Juncus littoralis

Scientific classification
- Kingdom: Plantae
- Clade: Tracheophytes
- Clade: Angiosperms
- Clade: Monocots
- Clade: Commelinids
- Order: Poales
- Family: Juncaceae
- Genus: Juncus
- Species: J. littoralis
- Binomial name: Juncus littoralis C.A.Mey.

= Juncus littoralis =

- Genus: Juncus
- Species: littoralis
- Authority: C.A.Mey.

Species of plant

Juncus littoralis is a species of rush in the family Juncaceae known as coastal rush; it has no subspecies.

==Description==
Juncus littoralis is a large rush (to 100 cm) forming individualised densely-stemmed plants, the stems rigid (2-4 mm wide). The flowers have 6 tepals of which the 3 inner have a conspicuous white upper margin and are notched at the top, the fruit capsules are dark brown and moderately sized (to 4 mm) with sharpish edging creating a pyramidal top. The inflorescence is usually formed of tight clusters held either closely together or in proximity (resembling J. acutus). The final bracts under the small flower heads are smaller than the flowers. Seeds are 0.8-1.1 mm long (1.5-2.0 mm including appendages).

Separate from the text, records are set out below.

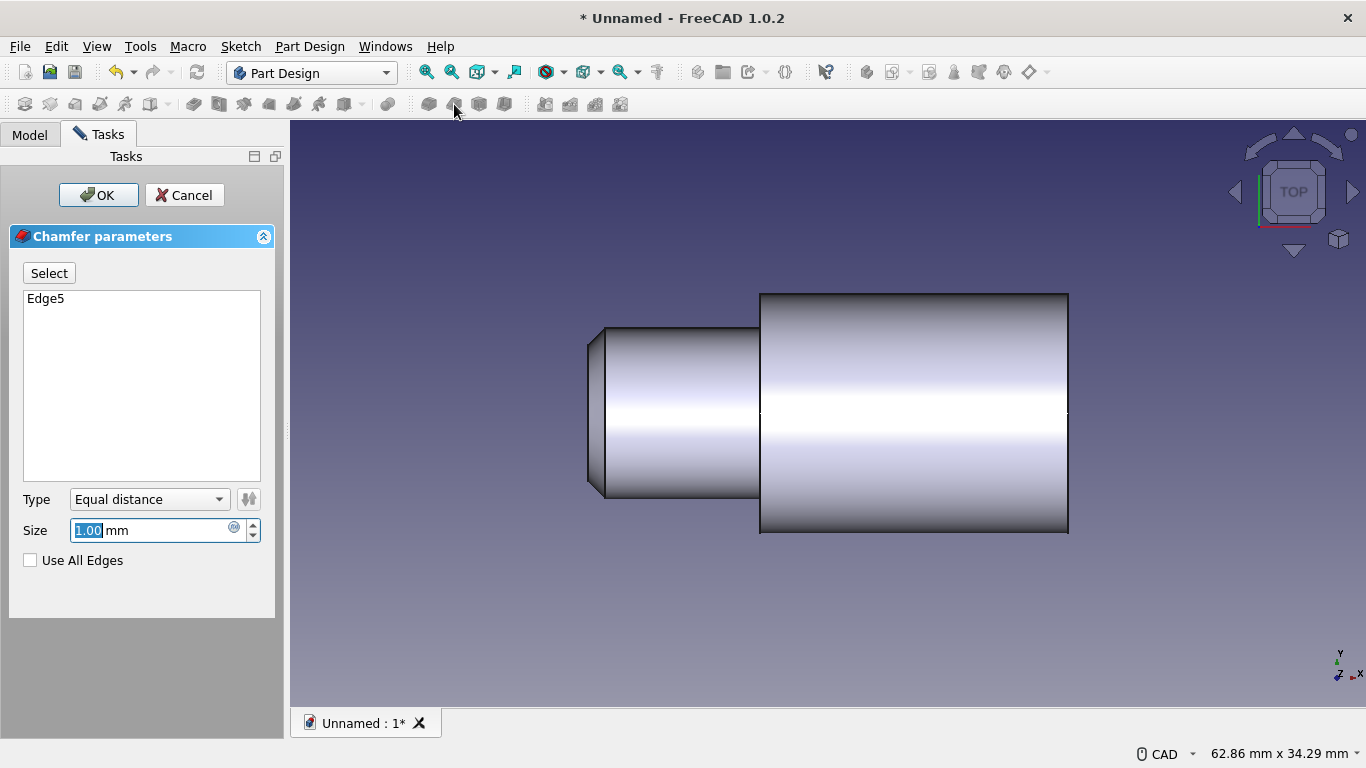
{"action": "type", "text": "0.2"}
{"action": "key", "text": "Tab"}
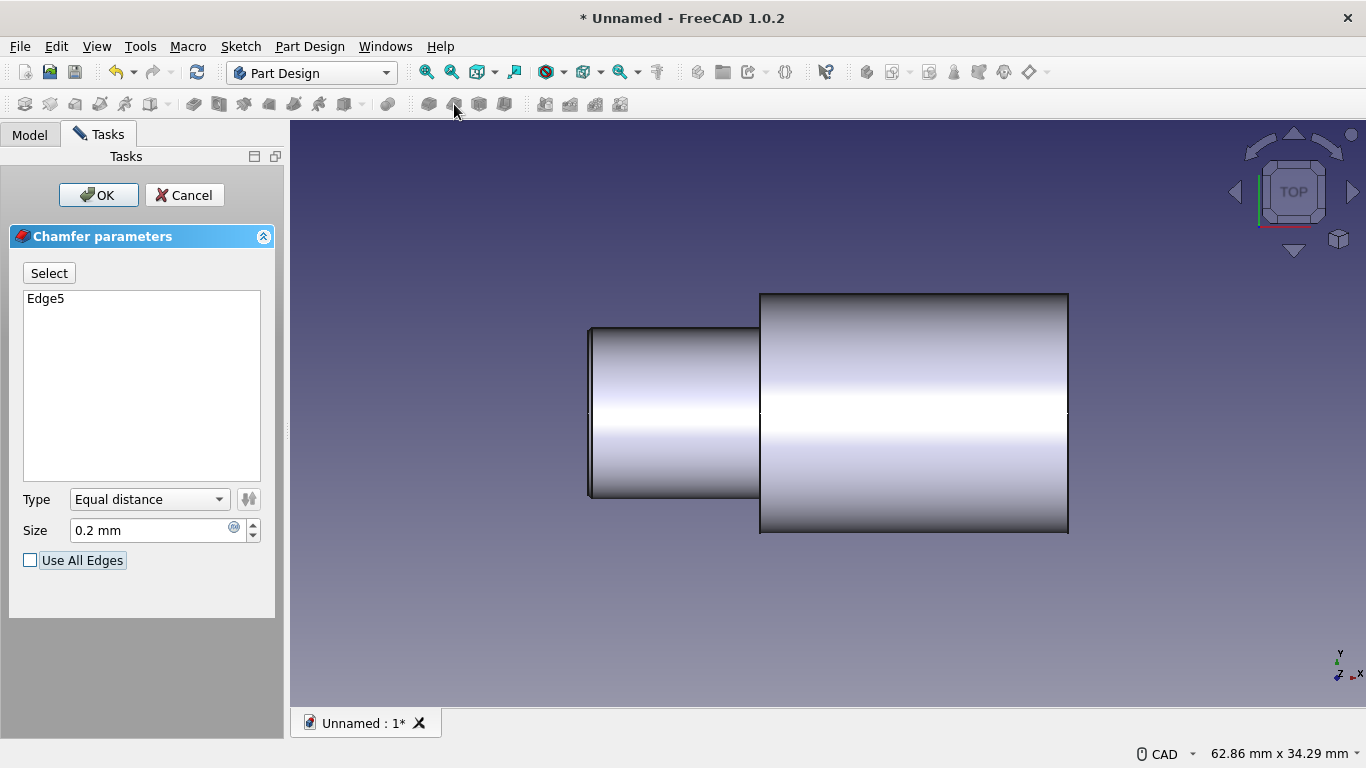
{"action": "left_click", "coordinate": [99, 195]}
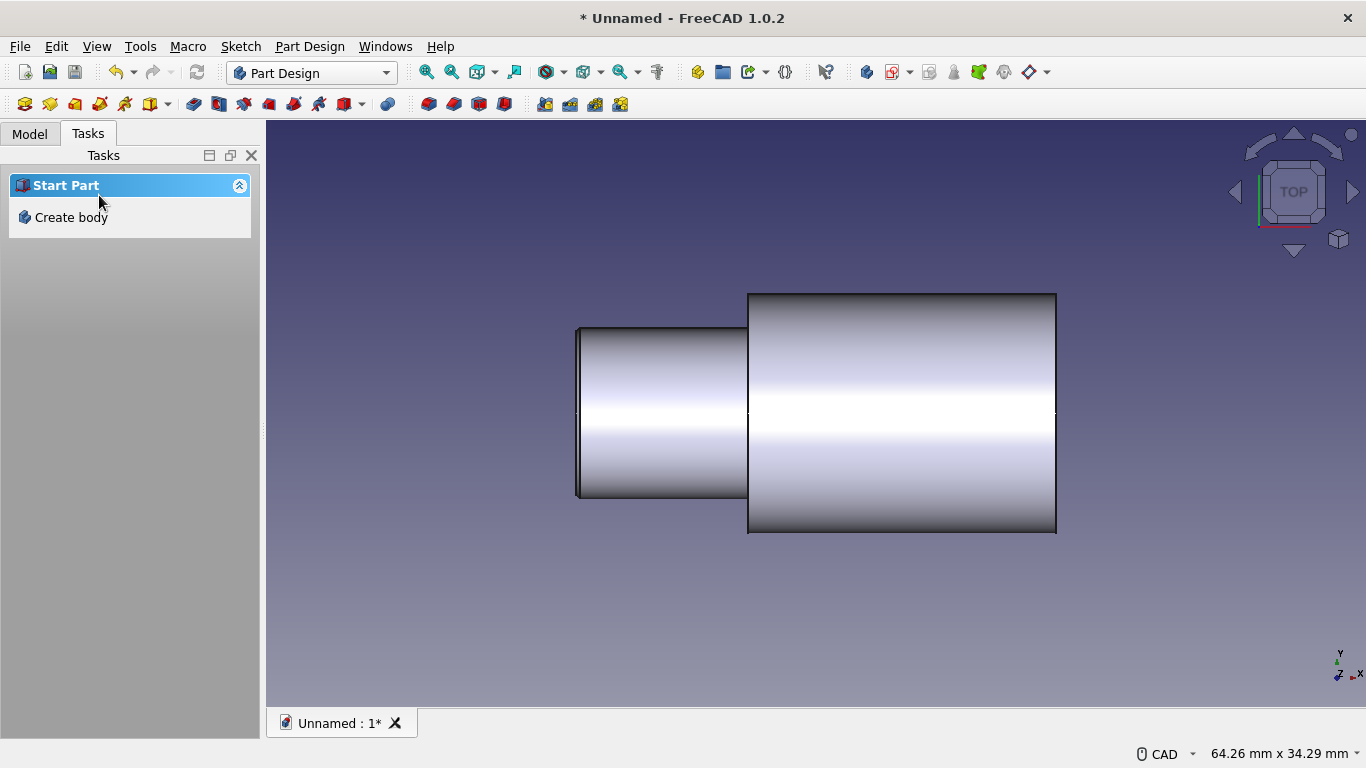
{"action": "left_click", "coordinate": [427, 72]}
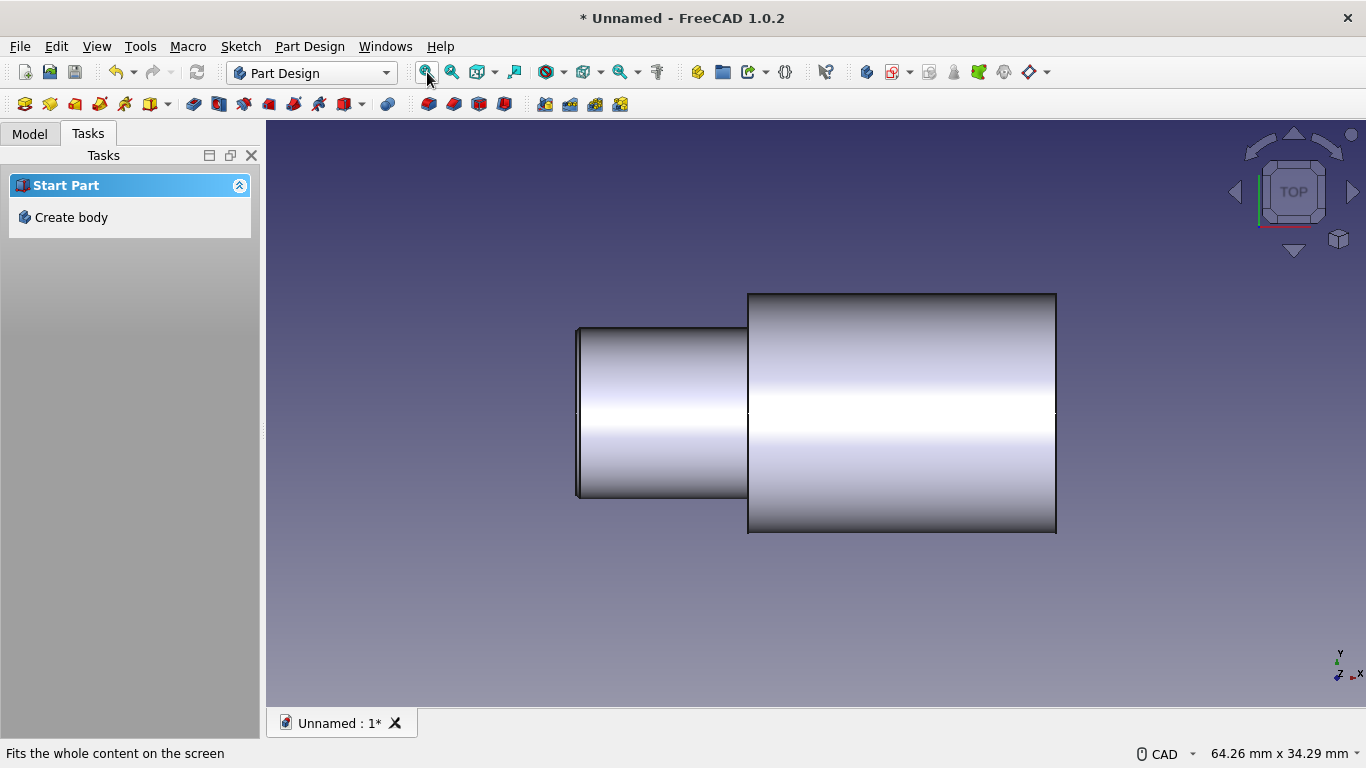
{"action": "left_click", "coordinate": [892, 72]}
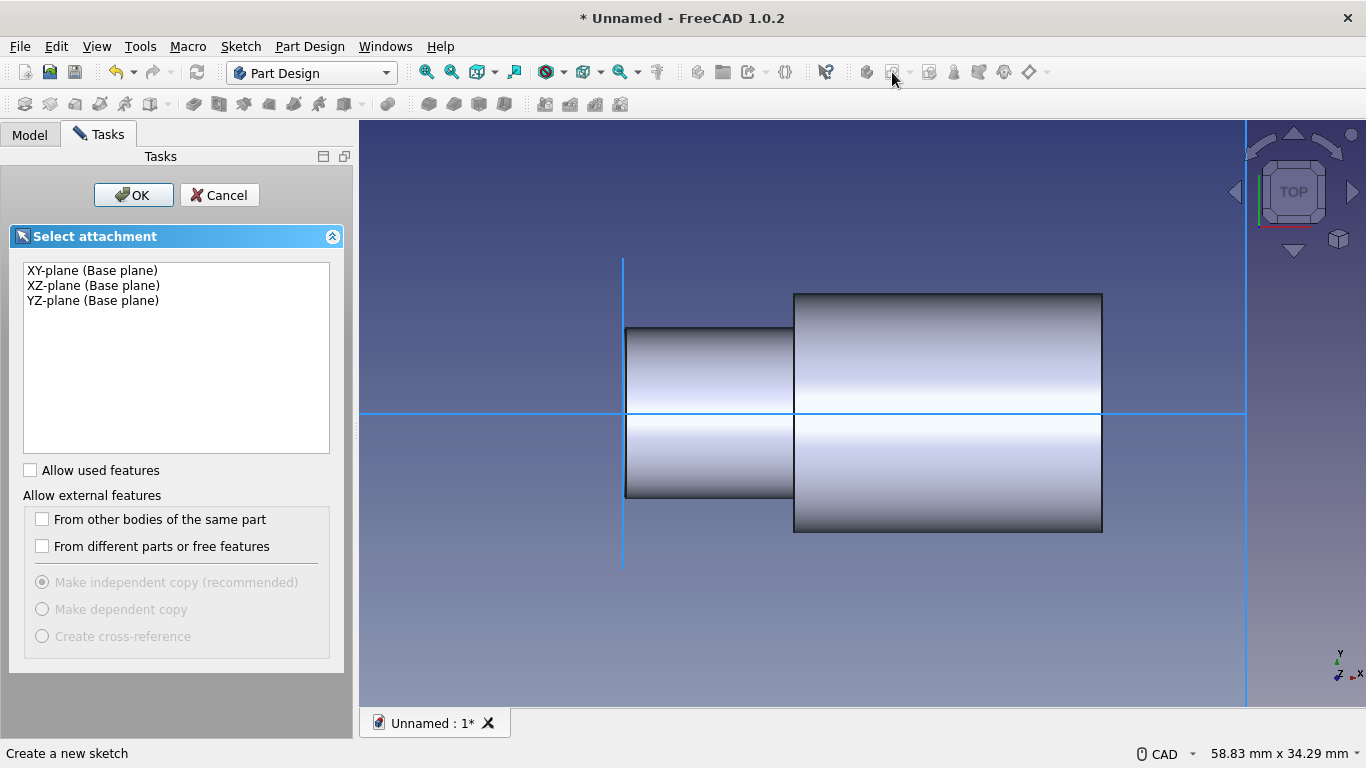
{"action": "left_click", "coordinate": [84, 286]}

Given its habitat requirement of salty sands, when identifying plants outside that habitat or country range the similar species below should be considered.

===Similar species===
- J. heldreichianus has fruits with blunt edging and top, with (for the low altitude attaining ssp heldreichianus) long-drawn-out inflorescence, final bracts under the flowers larger than the flowers, and narrower rather arching lower stems.

- J. acutus has a large fruit capsule (4-6 mm).

- J. maritimus and J. rigidus tend to form creeping patches and have long upward inflorescences (sometimes contracted).

==Range==
Juncus littoralis is found in countries bordering the Mediterranean, Black and Caspian Seas - Albania, Algeria, Balearics, Bulgaria, Cyprus, East Aegean Is., Egypt, France, Greece, Iran, Italy, Kriti, Krym, Lebanon-Syria, Libya, North Caucasus, Palestine, Romania, Sinai, Spain, Transcaucasus, Turkey, Turkey-in-Europe, Turkmenistan, Ukraine, Yugoslavia.

==Habitat==
This rush is found on moving sand and other sandy coastal habitats, rarely in saline inland habitats. and in Turkey on maritime sands and the shores of saline lakes.